WHAT IS BEING ASKED. Wherever the string "Convert" occurs in a line of these records, report that line.

SUPPLIED DATA.
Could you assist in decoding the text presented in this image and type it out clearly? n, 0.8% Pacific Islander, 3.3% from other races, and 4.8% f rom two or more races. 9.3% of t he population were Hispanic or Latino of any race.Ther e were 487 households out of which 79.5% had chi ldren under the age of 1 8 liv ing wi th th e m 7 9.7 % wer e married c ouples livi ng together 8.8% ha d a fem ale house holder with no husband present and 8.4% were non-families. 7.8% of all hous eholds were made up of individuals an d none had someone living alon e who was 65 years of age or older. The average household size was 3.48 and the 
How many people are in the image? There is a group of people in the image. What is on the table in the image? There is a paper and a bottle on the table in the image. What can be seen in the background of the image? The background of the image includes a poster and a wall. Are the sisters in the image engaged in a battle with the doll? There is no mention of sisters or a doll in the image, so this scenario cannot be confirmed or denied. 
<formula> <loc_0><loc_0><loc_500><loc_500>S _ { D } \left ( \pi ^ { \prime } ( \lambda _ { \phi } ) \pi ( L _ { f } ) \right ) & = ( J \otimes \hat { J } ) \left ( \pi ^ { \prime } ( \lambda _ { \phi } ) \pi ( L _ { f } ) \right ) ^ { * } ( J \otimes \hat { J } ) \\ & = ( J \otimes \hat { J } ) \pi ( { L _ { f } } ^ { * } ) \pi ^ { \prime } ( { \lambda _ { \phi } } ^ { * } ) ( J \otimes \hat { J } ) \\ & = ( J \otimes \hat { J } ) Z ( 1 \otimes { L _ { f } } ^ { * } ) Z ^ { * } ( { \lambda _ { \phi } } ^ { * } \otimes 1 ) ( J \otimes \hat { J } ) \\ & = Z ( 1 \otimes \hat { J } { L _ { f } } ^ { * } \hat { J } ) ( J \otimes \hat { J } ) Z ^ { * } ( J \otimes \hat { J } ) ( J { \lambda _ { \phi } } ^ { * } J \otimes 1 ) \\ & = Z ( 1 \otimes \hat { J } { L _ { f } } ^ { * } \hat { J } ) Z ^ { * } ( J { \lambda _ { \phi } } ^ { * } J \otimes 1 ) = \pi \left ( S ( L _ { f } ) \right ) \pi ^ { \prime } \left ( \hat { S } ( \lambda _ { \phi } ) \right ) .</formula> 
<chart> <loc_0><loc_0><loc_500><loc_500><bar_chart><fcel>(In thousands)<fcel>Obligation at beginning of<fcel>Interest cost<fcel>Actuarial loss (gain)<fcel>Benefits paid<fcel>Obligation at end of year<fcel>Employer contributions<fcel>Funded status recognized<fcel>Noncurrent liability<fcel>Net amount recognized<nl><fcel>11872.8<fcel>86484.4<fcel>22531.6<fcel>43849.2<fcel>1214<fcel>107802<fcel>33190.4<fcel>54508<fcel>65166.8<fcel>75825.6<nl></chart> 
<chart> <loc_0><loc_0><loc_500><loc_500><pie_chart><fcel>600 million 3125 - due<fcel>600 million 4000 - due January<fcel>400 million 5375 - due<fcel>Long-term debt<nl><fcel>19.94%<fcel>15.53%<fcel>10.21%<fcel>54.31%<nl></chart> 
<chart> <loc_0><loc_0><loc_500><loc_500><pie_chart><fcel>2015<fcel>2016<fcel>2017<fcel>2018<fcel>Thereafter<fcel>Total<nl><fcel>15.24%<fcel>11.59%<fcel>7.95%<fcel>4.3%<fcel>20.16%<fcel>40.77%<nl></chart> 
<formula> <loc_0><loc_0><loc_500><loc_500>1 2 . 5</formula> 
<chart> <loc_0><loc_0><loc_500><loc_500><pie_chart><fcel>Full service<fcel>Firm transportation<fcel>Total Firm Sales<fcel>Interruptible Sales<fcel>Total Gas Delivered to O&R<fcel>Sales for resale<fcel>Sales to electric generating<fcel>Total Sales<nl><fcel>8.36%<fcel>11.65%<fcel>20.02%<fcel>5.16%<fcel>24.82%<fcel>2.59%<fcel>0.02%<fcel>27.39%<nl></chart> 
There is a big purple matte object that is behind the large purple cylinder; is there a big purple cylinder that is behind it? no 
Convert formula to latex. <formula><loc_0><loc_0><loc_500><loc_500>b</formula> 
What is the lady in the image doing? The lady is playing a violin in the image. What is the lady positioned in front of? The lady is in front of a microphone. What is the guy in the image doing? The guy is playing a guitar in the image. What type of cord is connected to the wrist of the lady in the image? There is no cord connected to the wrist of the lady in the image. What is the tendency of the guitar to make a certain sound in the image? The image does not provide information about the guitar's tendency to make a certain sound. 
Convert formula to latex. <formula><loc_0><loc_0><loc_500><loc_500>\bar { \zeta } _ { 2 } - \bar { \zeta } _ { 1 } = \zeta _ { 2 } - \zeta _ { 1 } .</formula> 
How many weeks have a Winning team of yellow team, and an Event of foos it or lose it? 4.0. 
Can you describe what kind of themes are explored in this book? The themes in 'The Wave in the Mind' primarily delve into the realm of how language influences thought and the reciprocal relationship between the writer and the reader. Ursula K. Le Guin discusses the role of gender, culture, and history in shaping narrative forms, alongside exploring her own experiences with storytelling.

SOLUTION TO THE EXERCISE.
Convert formula to latex. <formula><loc_0><loc_0><loc_500><loc_500>b</formula> 
Convert formula to latex. <formula><loc_0><loc_0><loc_500><loc_500>\bar { \zeta } _ { 2 } - \bar { \zeta } _ { 1 } = \zeta _ { 2 } - \zeta _ { 1 } .</formula> 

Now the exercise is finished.